5. The motion information processing apparatus according to claim 1, further comprising: a receiving unit configured to receive an input operation for setting a predetermined threshold value used for judging whether the certain condition is satisfied, with respect to the predetermined conditions for the motion of the squat used by the judging unit.

6. The motion information processing apparatus according to claim 5, wherein, with respect to the predetermined conditions, the receiving unit receives at least one of a threshold value for an absolute position and a threshold value for a relative position.

7. The motion information processing apparatus according to claim 5, wherein the receiving unit further receives input operations to start and to end the judging process performed by the judging unit.

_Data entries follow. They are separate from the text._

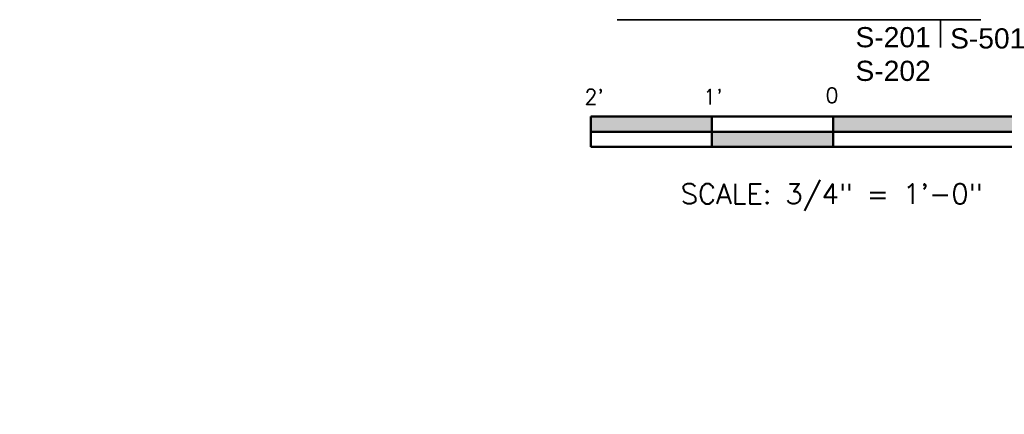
# Model space of a CAD drawing. Extents: x -312 to 328, y -156 to 292.
# Tile 31 of 89: x -179 to -81, y 133 to 172. Entities that reach past the tile are written whole.
import ezdxf
from ezdxf.enums import TextEntityAlignment as Align

# ---------------------------------------------------------------- set-up
doc = ezdxf.new("R2010")
doc.units = 0
doc.header["$MEASUREMENT"] = 0
for name, color, linetype, lineweight in [('Level 1', 253, 'Continuous', 18), ('S-Anno-Symb', 6, 'Continuous', 50), ('S-Anno-Text-Titl', 6, 'Continuous', 35)]:
    doc.layers.add(name, color=color, linetype=linetype, lineweight=lineweight)
doc.styles.add('NOTES', font='romans.shx')

# ---------------------------------------------------------------- blocks, each defined once
blk = doc.blocks.new('S0034B')
for p, q in [((-1.5, -0.1855), (-1.5, 0.002)), ((1.5, 0.002), (-1.5, 0.002)), ((-0.75, -0.1855), (-0.75, 0.002)), ((0, -0.1855), (0, 0)), ((1.5, 0.002), (1.5, -0.1855)), ((1.5, -0.0917), (-1.5, -0.0917)), ((1.5, -0.1855), (-1.5, -0.1855))]:
    blk.add_line(p, q)
at = {"extrusion": (0, 0, -1)}
for points in [[(1.5, 0.002), (1.5, -0.0917), (0.75, 0.002), (0.75, -0.0917)], [(0, 0), (0, -0.0917), (-1.5, 0.002), (-1.5, -0.0917)], [(0.75, -0.0917), (0.75, -0.1855), (0, -0.0917), (0, -0.1855)]]:
    blk.add_solid(points, dxfattribs=at)
at = {"lineweight": 18, "style": 'NOTES'}
for s, height, p in [("2'", 0.09375, (-1.4796, 0.1246)), ("1'", 0.09375, (-0.7444, 0.1246)), ('0', 0.0938, (-0.0067, 0.1335)), ("2'", 0.09375, (1.5204, 0.1246))]:
    blk.add_text(s, height=height, dxfattribs=at).set_placement(p, align=Align.MIDDLE_CENTER)
at = {"lineweight": 25, "style": 'NOTES'}
blk.add_text('SCALE: 3/4" = 1\'-0"', height=0.125, dxfattribs=at).set_placement((-0.0089, -0.4767), align=Align.MIDDLE_CENTER)

msp = doc.modelspace()

# ---------------------------------------------------------------- linework, layer by layer
at = {"layer": 'Level 1', "color": 214, "linetype": 'Continuous', "lineweight": 25}
msp.add_3dface([(-311.9741, -156.26001), (328.0259, -156.26001), (328.0259, 291.73999), (-311.9741, 291.73999)], dxfattribs=at)
msp.add_3dface([(-311.9741, -156.26001), (328.0259, -156.26001), (328.0259, 291.73999), (-311.9741, 291.73999)], dxfattribs=at)
msp.add_3dface([(-311.9741, -156.26001), (328.0259, -156.26001), (328.0259, 291.73999), (-311.9741, 291.73999)], dxfattribs=at)
at = {"layer": 'S-Anno-Text-Titl'}
for p, q in [((-119.4401, 171.7703), (-83.39745, 171.7703)), ((-87.40145, 171.7703), (-87.40145, 169.0183))]:
    msp.add_line(p, q, dxfattribs=at)

# ---------------------------------------------------------------- block references
at = {"layer": 'S-Anno-Symb', "xscale": 16, "yscale": 16, "zscale": 16}
msp.add_blockref('S0034B', (-98.0582, 162.13949), dxfattribs=at)

# ---------------------------------------------------------------- texts
at = {"layer": 'S-Anno-Text-Titl', "insert": (-95.83154, 171.03806), "char_height": 2, "attachment_point": 1, "style": 'NOTES'}
msp.add_mtext('\\fArial|b0|i0|c0|p39;S-201^JS-202', dxfattribs=at)
at = {"layer": 'S-Anno-Text-Titl', "insert": (-86.45545, 170.91963), "char_height": 2, "attachment_point": 1, "line_spacing_factor": 0.743439, "style": 'NOTES'}
msp.add_mtext('\\fArial|b0|i0|c0|p39;S-501', dxfattribs=at)

doc.saveas('drawing.dxf')

8. The motion information processing apparatus according to claim 1, wherein, on a basis of a predetermined motion of the subject, the judging unit starts and ends the judging process of judging whether the motion of the subject indicated by the motion information obtained by the obtaining unit satisfies the certain condition included in the predetermined conditions for the motion of the squat.

9. The motion information processing apparatus according to claim 1, wherein when the judging unit has determined that the jump performed by the subject satisfies the certain condition included in the predetermined conditions, the controlling unit notifies that the motion is normal, whereas when the judging unit has determined that the jump performed by the subject does not satisfy the certain condition included in the predetermined conditions, the controlling unit exercises control so that a warning is issued.

10. The motion information processing apparatus according to claim 9, wherein, as the predetermined conditions used when the jump is performed, the judging unit uses at least one of the following: a degree of knock-kneed state and a degree of bow-legged state at a time of landing of the jump.

11. The motion information processing apparatus according to claim 9, wherein, as the predetermined conditions used when the jump is performed, the judging unit uses an opening amount of legs at a time of landing of the jump.

12. The motion information processing apparatus according to claim 1, wherein the judging unit further judges whether the subject is performing the motion of the jump, and if the judging unit has determined that the subject is performing the motion of the jump, the judging unit judges whether the motion of the subject indicated by the motion information obtained by the obtaining unit satisfies the certain condition included in the predetermined conditions.

13. The motion information processing apparatus according to claim 1, further comprising: a receiving unit configured to receive an input operation for setting a predetermined threshold value used for judging whether the certain condition is satisfied, with respect to the predetermined conditions for the motion of the jump used by the judging unit.

14. The motion information processing apparatus according to claim 13, wherein, with respect to the predetermined conditions, the receiving unit receives at least one of a threshold value for an absolute position and a threshold value for a relative position.

15. The motion information processing apparatus according to claim 13, wherein the receiving unit further receives input operations to start and to end the judging process performed by the judging unit.

16. The motion information processing apparatus according to claim 1, wherein, on a basis of a predetermined motion of the subject, the judging unit starts and ends the judging process of judging whether the motion of the subject indicated by the motion information obtained by the obtaining unit satisfies the certain condition included in the predetermined conditions for the motion of the jump.

17. A method implemented by a motion information processing apparatus configured to process motion information, the method comprising: obtaining the motion information of a subject who performs a motion of at least one of a squat and a jump;judging, on a basis of predetermined conditions for the motion of said at least one of the squat and the jump, whether the motion of the subject indicated by the motion information satisfies a certain condition included in the predetermined conditions; andproviding a judgment result as a notification.